-- Opening Marker --
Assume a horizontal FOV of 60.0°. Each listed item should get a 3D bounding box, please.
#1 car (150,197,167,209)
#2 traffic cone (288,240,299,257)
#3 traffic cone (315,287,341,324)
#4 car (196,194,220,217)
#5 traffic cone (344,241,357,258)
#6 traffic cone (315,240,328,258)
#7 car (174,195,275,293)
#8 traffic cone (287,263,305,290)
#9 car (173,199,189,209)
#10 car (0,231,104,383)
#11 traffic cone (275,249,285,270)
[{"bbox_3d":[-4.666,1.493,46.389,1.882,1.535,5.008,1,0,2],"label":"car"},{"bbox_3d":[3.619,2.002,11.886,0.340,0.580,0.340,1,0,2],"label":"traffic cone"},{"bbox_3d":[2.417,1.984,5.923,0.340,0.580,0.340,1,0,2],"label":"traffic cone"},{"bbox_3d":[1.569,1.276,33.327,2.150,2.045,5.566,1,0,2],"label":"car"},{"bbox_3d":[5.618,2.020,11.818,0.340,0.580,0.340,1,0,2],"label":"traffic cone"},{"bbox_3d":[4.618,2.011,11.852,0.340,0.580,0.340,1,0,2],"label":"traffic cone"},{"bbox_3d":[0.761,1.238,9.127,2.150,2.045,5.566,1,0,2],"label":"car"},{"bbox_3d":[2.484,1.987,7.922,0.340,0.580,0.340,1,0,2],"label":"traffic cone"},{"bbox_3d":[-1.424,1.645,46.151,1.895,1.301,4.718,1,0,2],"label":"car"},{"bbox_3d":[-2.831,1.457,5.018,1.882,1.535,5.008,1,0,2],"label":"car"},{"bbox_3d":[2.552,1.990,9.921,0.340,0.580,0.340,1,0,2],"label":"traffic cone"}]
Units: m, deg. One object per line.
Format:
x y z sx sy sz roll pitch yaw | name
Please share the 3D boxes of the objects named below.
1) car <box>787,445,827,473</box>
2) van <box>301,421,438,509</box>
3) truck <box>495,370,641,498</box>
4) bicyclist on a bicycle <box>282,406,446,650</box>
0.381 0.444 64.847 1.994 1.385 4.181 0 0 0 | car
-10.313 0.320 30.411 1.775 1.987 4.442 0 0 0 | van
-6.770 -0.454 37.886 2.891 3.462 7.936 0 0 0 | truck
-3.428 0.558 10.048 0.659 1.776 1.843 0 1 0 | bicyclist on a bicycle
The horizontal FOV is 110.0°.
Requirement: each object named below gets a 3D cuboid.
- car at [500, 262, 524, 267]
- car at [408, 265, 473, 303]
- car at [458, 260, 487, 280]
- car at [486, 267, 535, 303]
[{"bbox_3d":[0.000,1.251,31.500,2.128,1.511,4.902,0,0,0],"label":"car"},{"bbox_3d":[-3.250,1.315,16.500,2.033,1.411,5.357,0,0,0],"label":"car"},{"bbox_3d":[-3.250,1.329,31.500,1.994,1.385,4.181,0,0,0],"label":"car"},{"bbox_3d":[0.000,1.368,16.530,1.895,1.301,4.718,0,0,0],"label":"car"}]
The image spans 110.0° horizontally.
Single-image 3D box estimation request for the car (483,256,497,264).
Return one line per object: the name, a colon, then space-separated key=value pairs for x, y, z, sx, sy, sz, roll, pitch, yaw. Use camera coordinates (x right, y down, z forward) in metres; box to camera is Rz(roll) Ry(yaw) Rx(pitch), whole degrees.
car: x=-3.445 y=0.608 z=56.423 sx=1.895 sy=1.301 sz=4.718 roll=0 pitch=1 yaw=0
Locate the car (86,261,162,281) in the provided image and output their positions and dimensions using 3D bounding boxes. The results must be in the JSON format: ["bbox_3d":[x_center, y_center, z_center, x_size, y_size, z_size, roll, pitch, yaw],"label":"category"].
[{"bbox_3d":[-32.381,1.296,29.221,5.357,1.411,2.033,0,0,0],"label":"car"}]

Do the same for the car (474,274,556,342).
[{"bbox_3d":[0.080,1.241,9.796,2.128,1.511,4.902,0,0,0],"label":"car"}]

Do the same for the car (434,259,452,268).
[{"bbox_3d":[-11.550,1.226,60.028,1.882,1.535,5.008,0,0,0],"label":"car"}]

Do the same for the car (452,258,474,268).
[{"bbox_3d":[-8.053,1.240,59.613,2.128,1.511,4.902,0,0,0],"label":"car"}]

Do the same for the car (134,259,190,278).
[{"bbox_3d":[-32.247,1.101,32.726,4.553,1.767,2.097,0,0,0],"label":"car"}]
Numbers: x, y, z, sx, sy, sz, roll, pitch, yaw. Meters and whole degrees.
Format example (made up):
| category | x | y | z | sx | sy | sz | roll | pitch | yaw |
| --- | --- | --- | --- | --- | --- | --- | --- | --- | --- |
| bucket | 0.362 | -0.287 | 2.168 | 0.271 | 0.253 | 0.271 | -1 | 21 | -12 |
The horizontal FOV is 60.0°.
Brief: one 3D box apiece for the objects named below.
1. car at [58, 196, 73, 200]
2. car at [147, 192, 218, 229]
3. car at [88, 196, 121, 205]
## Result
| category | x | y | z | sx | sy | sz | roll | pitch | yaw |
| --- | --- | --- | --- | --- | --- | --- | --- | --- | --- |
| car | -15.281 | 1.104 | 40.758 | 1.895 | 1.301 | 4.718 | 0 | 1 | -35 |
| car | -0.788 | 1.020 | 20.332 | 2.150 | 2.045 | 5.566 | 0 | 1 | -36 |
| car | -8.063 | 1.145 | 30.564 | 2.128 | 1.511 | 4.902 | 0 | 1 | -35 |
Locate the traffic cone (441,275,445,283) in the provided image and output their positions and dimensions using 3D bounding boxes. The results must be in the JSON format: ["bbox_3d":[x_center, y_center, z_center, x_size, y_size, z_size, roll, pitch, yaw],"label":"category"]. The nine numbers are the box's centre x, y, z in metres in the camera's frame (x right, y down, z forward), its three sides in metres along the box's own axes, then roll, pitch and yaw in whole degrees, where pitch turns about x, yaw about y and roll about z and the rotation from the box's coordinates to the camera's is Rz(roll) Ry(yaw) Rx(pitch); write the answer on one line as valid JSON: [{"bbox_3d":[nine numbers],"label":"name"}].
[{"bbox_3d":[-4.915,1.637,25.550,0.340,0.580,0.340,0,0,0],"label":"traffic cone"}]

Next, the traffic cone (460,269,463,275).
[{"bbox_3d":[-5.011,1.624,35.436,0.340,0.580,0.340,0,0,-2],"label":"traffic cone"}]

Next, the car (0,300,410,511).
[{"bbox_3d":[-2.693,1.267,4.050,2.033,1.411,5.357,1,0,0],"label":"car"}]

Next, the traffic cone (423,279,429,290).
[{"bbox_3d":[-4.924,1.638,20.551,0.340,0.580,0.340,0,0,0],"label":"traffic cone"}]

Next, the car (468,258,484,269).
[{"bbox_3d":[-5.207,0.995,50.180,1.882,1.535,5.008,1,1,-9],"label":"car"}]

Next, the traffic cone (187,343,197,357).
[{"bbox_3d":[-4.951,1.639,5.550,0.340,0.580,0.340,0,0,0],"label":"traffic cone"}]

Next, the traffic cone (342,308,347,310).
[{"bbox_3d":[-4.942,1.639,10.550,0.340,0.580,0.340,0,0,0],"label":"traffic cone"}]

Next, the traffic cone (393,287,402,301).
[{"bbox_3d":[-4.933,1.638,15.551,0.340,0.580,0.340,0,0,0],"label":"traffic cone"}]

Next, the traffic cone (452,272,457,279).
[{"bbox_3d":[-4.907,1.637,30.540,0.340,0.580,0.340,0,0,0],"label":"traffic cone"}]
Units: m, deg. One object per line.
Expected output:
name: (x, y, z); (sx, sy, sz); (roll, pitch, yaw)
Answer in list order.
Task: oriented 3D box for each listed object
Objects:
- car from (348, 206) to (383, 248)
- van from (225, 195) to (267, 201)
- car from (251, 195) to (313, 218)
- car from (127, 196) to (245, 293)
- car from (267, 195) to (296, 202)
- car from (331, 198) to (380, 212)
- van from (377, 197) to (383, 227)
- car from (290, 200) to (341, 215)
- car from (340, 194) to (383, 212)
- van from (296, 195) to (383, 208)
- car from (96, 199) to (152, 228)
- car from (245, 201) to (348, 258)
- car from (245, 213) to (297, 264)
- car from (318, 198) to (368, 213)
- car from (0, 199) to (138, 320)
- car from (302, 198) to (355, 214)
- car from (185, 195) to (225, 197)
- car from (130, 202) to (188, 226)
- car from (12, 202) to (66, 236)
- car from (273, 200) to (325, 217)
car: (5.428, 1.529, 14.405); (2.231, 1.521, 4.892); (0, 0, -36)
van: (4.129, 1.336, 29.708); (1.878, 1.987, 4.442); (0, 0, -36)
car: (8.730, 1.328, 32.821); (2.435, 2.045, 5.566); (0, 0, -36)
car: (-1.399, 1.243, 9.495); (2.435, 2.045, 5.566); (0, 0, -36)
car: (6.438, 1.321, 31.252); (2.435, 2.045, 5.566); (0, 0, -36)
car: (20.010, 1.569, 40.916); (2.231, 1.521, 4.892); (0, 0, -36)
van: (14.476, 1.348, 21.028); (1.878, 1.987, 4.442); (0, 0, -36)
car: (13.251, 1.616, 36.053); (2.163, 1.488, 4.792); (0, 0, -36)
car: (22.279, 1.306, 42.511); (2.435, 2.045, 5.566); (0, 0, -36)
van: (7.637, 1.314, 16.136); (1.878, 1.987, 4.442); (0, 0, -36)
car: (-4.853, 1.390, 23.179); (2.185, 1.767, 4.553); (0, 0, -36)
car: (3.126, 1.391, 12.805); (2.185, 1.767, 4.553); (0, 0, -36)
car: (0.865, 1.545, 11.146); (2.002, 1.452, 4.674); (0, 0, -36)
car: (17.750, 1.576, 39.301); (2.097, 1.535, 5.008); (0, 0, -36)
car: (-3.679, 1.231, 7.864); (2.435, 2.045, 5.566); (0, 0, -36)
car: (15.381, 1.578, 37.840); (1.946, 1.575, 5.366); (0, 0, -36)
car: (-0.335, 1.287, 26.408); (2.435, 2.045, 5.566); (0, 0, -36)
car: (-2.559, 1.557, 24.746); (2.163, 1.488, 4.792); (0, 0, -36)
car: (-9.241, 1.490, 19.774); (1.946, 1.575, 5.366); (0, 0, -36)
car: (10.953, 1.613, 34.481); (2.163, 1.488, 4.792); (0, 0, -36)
-- Closing Marker --
Using the entries above, repeat only the lines from the one containing "- car from (348, 206) to (383, 248)" through the one containing "- car from (290, 200) to (341, 215)", end lines included.

- car from (348, 206) to (383, 248)
- van from (225, 195) to (267, 201)
- car from (251, 195) to (313, 218)
- car from (127, 196) to (245, 293)
- car from (267, 195) to (296, 202)
- car from (331, 198) to (380, 212)
- van from (377, 197) to (383, 227)
- car from (290, 200) to (341, 215)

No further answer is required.